Le ministère québécois des Finances a la réputation de gérer très adroitement le financement de la dette. Cette année encore, il se montre à la hauteur. Il a déjà amassé 8,5 des 10,7 milliards qu'il doit trouver.

Certes, ses coûts d'emprunt sont plus chers que durant l'automne et l'hiver, où ils avaient atteint des creux historiques. Qu'à cela ne tienne, il se présente aux marchés les plus intéressants pour lui et pour nous, contribuables, sur les épaules de qui repose le fardeau de la dette du Québec, le plus lourd de toutes les provinces.

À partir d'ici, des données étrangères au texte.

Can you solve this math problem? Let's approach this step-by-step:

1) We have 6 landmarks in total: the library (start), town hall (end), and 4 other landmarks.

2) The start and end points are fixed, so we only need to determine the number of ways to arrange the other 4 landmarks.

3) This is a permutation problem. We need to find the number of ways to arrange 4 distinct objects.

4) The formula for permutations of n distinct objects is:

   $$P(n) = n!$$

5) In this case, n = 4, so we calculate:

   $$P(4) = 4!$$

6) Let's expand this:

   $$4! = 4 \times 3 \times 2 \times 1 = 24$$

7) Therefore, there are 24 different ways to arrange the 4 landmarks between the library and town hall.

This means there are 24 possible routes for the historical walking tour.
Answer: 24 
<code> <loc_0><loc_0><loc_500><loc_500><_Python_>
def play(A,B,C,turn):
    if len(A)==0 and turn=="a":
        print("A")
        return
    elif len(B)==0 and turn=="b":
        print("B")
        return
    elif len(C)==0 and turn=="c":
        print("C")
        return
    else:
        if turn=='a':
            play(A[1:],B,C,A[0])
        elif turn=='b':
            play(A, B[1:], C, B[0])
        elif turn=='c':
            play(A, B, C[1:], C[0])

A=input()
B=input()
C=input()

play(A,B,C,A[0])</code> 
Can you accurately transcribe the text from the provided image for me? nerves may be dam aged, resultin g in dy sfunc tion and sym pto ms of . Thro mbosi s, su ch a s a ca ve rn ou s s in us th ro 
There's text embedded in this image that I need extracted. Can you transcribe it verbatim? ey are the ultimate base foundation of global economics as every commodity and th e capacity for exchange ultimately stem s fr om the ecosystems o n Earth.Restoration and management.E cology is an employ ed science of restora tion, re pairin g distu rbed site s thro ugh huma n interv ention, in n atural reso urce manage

Il y a une dizaine de jours, Québec a levé 1 milliard d'euros, soit l'équivalent de 1,35 milliard de dollars canadiens. C'était sa première émission dans cette monnaie depuis 2009. Il s'agit d'une obligation venant à échéance dans 10 ans, comme les quatre précédentes libellées dans cette monnaie. Le rendement consenti aux prêteurs était un peu plus faible que ce qu'auraient exigé des prêteurs canadiens ces jours-ci.

L'obligation s'est très bien vendue puisque 79 acheteurs se sont montrés intéressés.

Comme c'est toujours le cas quand Québec se présente devant les marchés étrangers, le terrain avait été soigneusement préparé par les banquiers retenus comme preneurs fermes: HSBC, BNP-Paribas, Société Générale et Deutsche Bank.

Selon l'agence Bloomberg, les caisses de retraite et les compagnies d'assurance ont acheté environ la moitié de l'émission, les gestionnaires de portefeuilles, 28%, les banques, 21%, le reste allant aux banques centrales.

Sur une base nationale, les prêteurs français ont ramassé le tiers de l'émission, les allemands et autrichiens, un autre tiers. Les investisseurs suisses et néerlandais ont aussi eu une belle part du gâteau.

Trouver 2,2 milliards d'ici le 31 mars paraît dès lors beaucoup plus facile que les 9,3 milliards qu'il fallait encore trouver en quatre mois et demi, au lendemain du budget difficile présenté le 20 novembre par le ministre Nicolas Marceau. Et Québec y était parvenu!